**Problem statement:** Each line from the material with the word "object" in it must be copied.
####################
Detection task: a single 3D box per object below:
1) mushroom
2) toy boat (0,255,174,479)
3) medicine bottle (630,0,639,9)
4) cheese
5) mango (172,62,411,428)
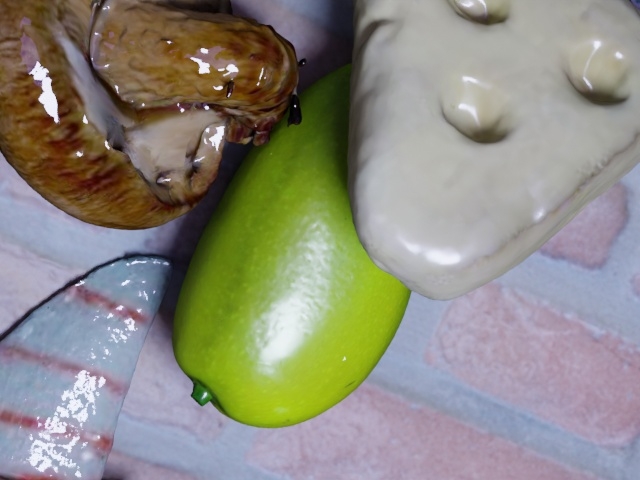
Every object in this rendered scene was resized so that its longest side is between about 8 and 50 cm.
####################
**Solution:**
Detection task: a single 3D box per object below:
Every object in this rendered scene was resized so that its longest side is between about 8 and 50 cm.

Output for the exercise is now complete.